CLIP-AD: A Language-Guided Staged Dual-Path Model for Zero-shot Anomaly Detection

  • paper_url: http://arxiv.org/abs/2311.00453
  • repo_url: None
  • paper_authors: Xuhai Chen, Jiangning Zhang, Guanzhong Tian, Haoyang He, Wuhao Zhang, Yabiao Wang, Chengjie Wang, Yunsheng Wu, Yong Liu
  • for: 这篇论文针对零例异常检测(AD)进行研究,AD 是一个有价值但未受到充分研究的任务,它可以在测试物件没有任何参考图像时进行检测。
  • methods: 本文使用语言导向策略,提出了简单又有效的架构 CLIP-AD,利用大型感知语言模型 CLIP 的zero-shot分类能力。我们直接计算文本/图像特征之间的相似性,但我们发现这会导致错误的预测和无关的高亮。因此,我们引入了一个阶段双轻量级模型(SDP),它可以有效地使用不同层次的特征,并通过架构和特征切除来解决这些问题。
  • results: 实验结果显示,SDP 可以在 VisA 上优于 SOTA 的表现,例如在分类/分 segmentation F1 分数上提高 +1.0/+1.2 分,而 SDP+ 则可以在 VisA 上提高 +1.9/+11.7 分。
    Abstract This paper considers zero-shot Anomaly Detection (AD), a valuable yet under-studied task, which performs AD without any reference images of the test objects. Specifically, we employ a language-guided strategy and propose a simple-yet-effective architecture CLIP-AD, leveraging the superior zero-shot classification capabilities of the large vision-language model CLIP. A natural idea for anomaly segmentation is to directly calculate the similarity between text/image features, but we observe opposite predictions and irrelevant highlights in the results. Inspired by the phenomena, we introduce a Staged Dual-Path model (SDP) that effectively uses features from various levels and applies architecture and feature surgery to address these issues. Furthermore, delving beyond surface phenomena, we identify the problem arising from misalignment of text/image features in the joint embedding space. Thus, we introduce a fine-tuning strategy by adding linear layers and construct an extended model SDP+, further enhancing the performance. Abundant experiments demonstrate the effectiveness of our approach, e.g., on VisA, SDP outperforms SOTA by +1.0/+1.2 in classification/segmentation F1 scores, while SDP+ achieves +1.9/+11.7 improvements.
    摘要 However, we observe that directly calculating the similarity between text/image features can lead to opposite predictions and irrelevant highlights in the results. To address this issue, we introduce a Staged Dual-Path (SDP) model that effectively uses features from various levels and applies architecture and feature surgery.Furthermore, we identify the problem of misaligned text/image features in the joint embedding space as the root cause of the issues.
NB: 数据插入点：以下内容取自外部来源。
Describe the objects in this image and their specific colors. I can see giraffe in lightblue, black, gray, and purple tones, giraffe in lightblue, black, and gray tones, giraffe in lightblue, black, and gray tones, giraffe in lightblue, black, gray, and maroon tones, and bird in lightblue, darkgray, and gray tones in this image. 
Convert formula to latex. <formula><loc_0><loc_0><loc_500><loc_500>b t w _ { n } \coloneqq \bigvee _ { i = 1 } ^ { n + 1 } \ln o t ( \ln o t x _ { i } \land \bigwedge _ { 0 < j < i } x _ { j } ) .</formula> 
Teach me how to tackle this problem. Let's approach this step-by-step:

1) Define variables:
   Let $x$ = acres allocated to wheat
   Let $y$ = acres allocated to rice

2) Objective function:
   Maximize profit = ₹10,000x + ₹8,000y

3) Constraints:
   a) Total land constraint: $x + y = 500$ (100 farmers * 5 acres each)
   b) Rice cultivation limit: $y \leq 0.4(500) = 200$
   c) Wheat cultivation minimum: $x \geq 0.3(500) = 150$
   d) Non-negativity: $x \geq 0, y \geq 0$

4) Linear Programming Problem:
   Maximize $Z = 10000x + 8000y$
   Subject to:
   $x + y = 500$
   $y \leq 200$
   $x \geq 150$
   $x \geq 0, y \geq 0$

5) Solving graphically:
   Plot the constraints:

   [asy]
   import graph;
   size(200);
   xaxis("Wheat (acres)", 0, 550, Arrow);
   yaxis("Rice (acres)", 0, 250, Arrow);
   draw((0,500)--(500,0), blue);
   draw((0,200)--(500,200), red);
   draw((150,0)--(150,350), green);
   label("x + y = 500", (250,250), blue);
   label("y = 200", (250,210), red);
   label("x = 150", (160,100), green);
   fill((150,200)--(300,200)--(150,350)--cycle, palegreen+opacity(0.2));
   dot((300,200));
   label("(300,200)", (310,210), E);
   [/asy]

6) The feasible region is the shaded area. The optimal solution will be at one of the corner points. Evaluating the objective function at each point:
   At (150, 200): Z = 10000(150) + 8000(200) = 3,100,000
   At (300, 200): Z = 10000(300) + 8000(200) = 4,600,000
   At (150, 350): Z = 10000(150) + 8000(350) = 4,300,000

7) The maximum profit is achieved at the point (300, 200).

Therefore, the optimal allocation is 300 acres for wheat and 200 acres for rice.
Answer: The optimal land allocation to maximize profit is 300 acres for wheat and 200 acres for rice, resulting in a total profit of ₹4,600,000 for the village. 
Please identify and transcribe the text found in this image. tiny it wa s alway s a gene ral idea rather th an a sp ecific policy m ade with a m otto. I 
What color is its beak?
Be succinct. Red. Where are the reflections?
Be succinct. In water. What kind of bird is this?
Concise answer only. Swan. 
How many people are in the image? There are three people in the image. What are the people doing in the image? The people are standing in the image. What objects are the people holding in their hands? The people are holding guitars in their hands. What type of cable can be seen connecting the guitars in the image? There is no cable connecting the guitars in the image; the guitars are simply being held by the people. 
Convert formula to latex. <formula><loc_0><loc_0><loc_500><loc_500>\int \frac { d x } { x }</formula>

To address this, we propose a fine-tuning strategy that involves adding linear layers and constructing an extended model called SDP+. This approach further enhances the performance of our method.The effectiveness of our approach is demonstrated through abundant experiments, where SDP outperforms state-of-the-art (SOTA) methods by +1.0/+1.2 in classification/segmentation F1 scores, while SDP+ achieves +1.9/+11.7 improvements.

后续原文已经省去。